Each of the nine builders appearing on the cover of this issue is unique. However, one builder, Peter Vander Schuyt, has certain credentials quite different from the others. Not only is Peter an award winning builder, but his role in the LIBI Awards is fundamental to the success of that annual event.
In 1998, Peter received the Silver Award at the annual NAHB convention in Dallas for the Best attached Community Development in the United States priced under $150,000. The award was given for a project in Port Jefferson Station called "Stonington." In addition, the project received two regional Gold awards, one for logo design and another for brochure design.
The awards are sponsored by the NAHB’s Sales and Marketing Council and are referred to as "MIRMs."

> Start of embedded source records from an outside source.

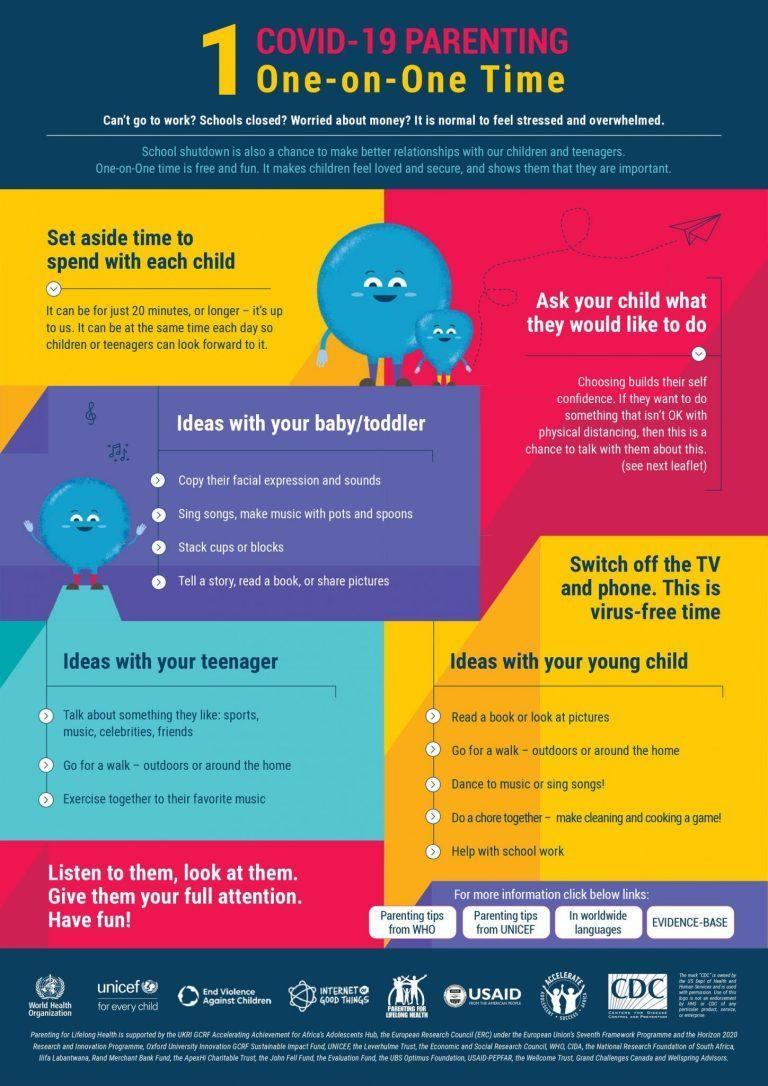Who needs help with school work - toddler, teenager, young child or parent?
Answer the question with a short phrase. Young child At which stages of childhood, would children love to read a book? Baby/toddler, young child What are the 3 stages of childhood? Baby/toddler, young child, teenager At which stage of childhood, would a child enjoy someone imitating his facial expression? Baby/toddler How many ideas of spending time with your young child are mentioned? 5 What are the two gadgets you shouldn't use while spending time with your children? TV and phone How many ideas of spending time with your teenager are mentioned? 3 What are some of the good topics, for conversation with your teenager? Sports, music, celebrities, friends At which stages of childhood, would children love to go for a walk? Teenager, young child Which is the second Idea under 'ideas with your baby toddler'? Singh songs, make music with pots and spoons Which is the third idea under 'ideas with your baby toddler'? Stack cups or blocks How many ideas of spending time with your toddler are mentioned here? 4 How many stages of childhood are mentioned? 3 Which are the two organisations that provide 'parenting tips'? UNICEF, WHO What are the first 2 ideas of spending time with your young child? Read a book or look at pictures, go for a walk - outdoors or around the home What is the minimum quality time you should have with your child? 20 minutes 
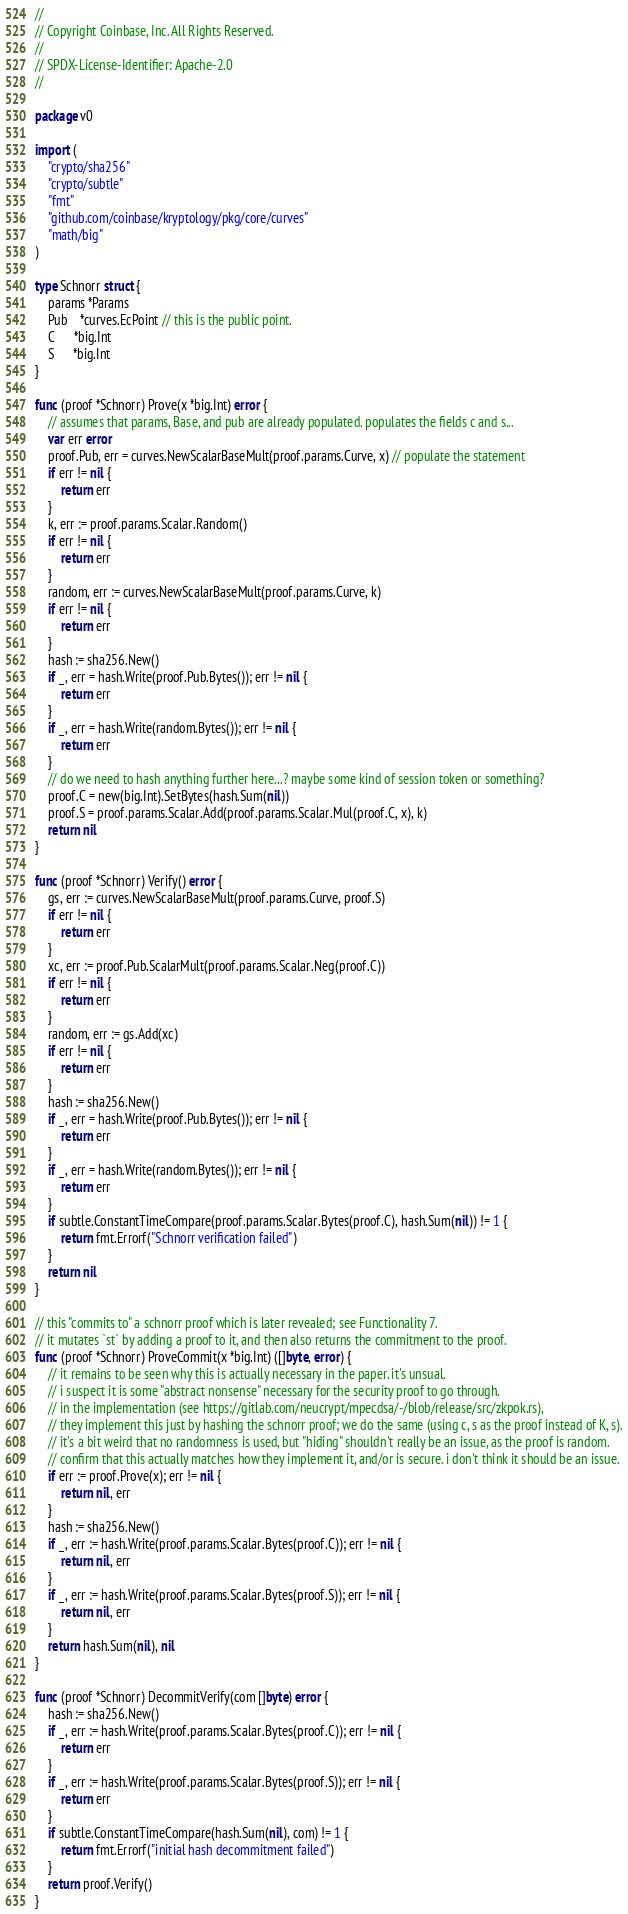Convert code to text. <code><loc_0><loc_0><loc_500><loc_500><_Go_>//
// Copyright Coinbase, Inc. All Rights Reserved.
//
// SPDX-License-Identifier: Apache-2.0
//

package v0

import (
	"crypto/sha256"
	"crypto/subtle"
	"fmt"
	"github.com/coinbase/kryptology/pkg/core/curves"
	"math/big"
)

type Schnorr struct {
	params *Params
	Pub    *curves.EcPoint // this is the public point.
	C      *big.Int
	S      *big.Int
}

func (proof *Schnorr) Prove(x *big.Int) error {
	// assumes that params, Base, and pub are already populated. populates the fields c and s...
	var err error
	proof.Pub, err = curves.NewScalarBaseMult(proof.params.Curve, x) // populate the statement
	if err != nil {
		return err
	}
	k, err := proof.params.Scalar.Random()
	if err != nil {
		return err
	}
	random, err := curves.NewScalarBaseMult(proof.params.Curve, k)
	if err != nil {
		return err
	}
	hash := sha256.New()
	if _, err = hash.Write(proof.Pub.Bytes()); err != nil {
		return err
	}
	if _, err = hash.Write(random.Bytes()); err != nil {
		return err
	}
	// do we need to hash anything further here...? maybe some kind of session token or something?
	proof.C = new(big.Int).SetBytes(hash.Sum(nil))
	proof.S = proof.params.Scalar.Add(proof.params.Scalar.Mul(proof.C, x), k)
	return nil
}

func (proof *Schnorr) Verify() error {
	gs, err := curves.NewScalarBaseMult(proof.params.Curve, proof.S)
	if err != nil {
		return err
	}
	xc, err := proof.Pub.ScalarMult(proof.params.Scalar.Neg(proof.C))
	if err != nil {
		return err
	}
	random, err := gs.Add(xc)
	if err != nil {
		return err
	}
	hash := sha256.New()
	if _, err = hash.Write(proof.Pub.Bytes()); err != nil {
		return err
	}
	if _, err = hash.Write(random.Bytes()); err != nil {
		return err
	}
	if subtle.ConstantTimeCompare(proof.params.Scalar.Bytes(proof.C), hash.Sum(nil)) != 1 {
		return fmt.Errorf("Schnorr verification failed")
	}
	return nil
}

// this "commits to" a schnorr proof which is later revealed; see Functionality 7.
// it mutates `st` by adding a proof to it, and then also returns the commitment to the proof.
func (proof *Schnorr) ProveCommit(x *big.Int) ([]byte, error) {
	// it remains to be seen why this is actually necessary in the paper. it's unsual.
	// i suspect it is some "abstract nonsense" necessary for the security proof to go through.
	// in the implementation (see https://gitlab.com/neucrypt/mpecdsa/-/blob/release/src/zkpok.rs),
	// they implement this just by hashing the schnorr proof; we do the same (using c, s as the proof instead of K, s).
	// it's a bit weird that no randomness is used, but "hiding" shouldn't really be an issue, as the proof is random.
	// confirm that this actually matches how they implement it, and/or is secure. i don't think it should be an issue.
	if err := proof.Prove(x); err != nil {
		return nil, err
	}
	hash := sha256.New()
	if _, err := hash.Write(proof.params.Scalar.Bytes(proof.C)); err != nil {
		return nil, err
	}
	if _, err := hash.Write(proof.params.Scalar.Bytes(proof.S)); err != nil {
		return nil, err
	}
	return hash.Sum(nil), nil
}

func (proof *Schnorr) DecommitVerify(com []byte) error {
	hash := sha256.New()
	if _, err := hash.Write(proof.params.Scalar.Bytes(proof.C)); err != nil {
		return err
	}
	if _, err := hash.Write(proof.params.Scalar.Bytes(proof.S)); err != nil {
		return err
	}
	if subtle.ConstantTimeCompare(hash.Sum(nil), com) != 1 {
		return fmt.Errorf("initial hash decommitment failed")
	}
	return proof.Verify()
}
</code> 
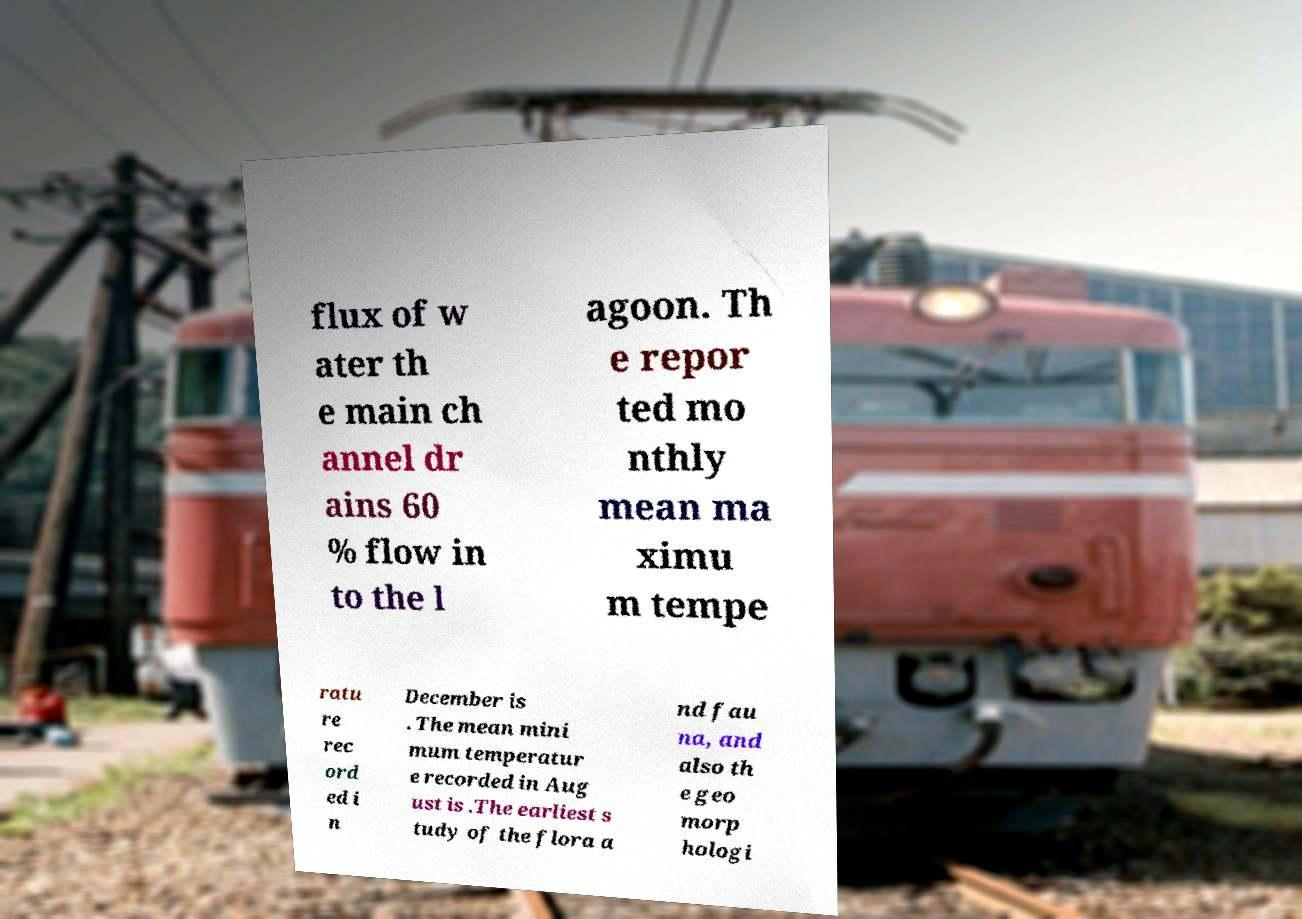Can you read and provide the text displayed in the image?This photo seems to have some interesting text. Can you extract and type it out for me? flux of w ater th e main ch annel dr ains 60 % flow in to the l agoon. Th e repor ted mo nthly mean ma ximu m tempe ratu re rec ord ed i n December is . The mean mini mum temperatur e recorded in Aug ust is .The earliest s tudy of the flora a nd fau na, and also th e geo morp hologi

It was the second time that Peter, a member of the Long Island Builders Institute, received a runner-up award. In 1986, he received a Silver Award at the NAHB convention again in Dallas for Carriage Hill Estates, a 51-unit luxury home development in Melville, NY.
At each convention awards are given out in recognition for advertising, brochures, logo designs, interior merchandising, sales offices, landscape design as well as taking note of the country’s top new sales and marketing people.
Peter, a builder with Sea Crest Development, also built a 33-unit condominum called Landmark Colony in Oyster Bay around the home of Ethel Roosevelt Derby, the daughter of President Teddy Roosevelt.
But it was at the l998 convention in Dallas that the idea for the LIBIs came up. With Bob Wieboldt attending the convention and witnessing the ceremony, a discussion followed that suggested a plan to give greater exposure to members of the Long Island Builders Institute through the introduction of an awards ceremony. Thus was born the LIBI Awards.
The LIBI Awards were started in 1999 when close to 400 members of LIBI were jammed into the Milleridge Cottage in Jericho and took more than two hours. The ceremony has now shifted to the Huntington Hilton. Since then, due to the introduction of carefully edited video entries, the awards program itself takes one hour. It is then followed by dinner.
The management of this major builders’ event is still in the hands of Peter and Bob Wieboldt and still going strong.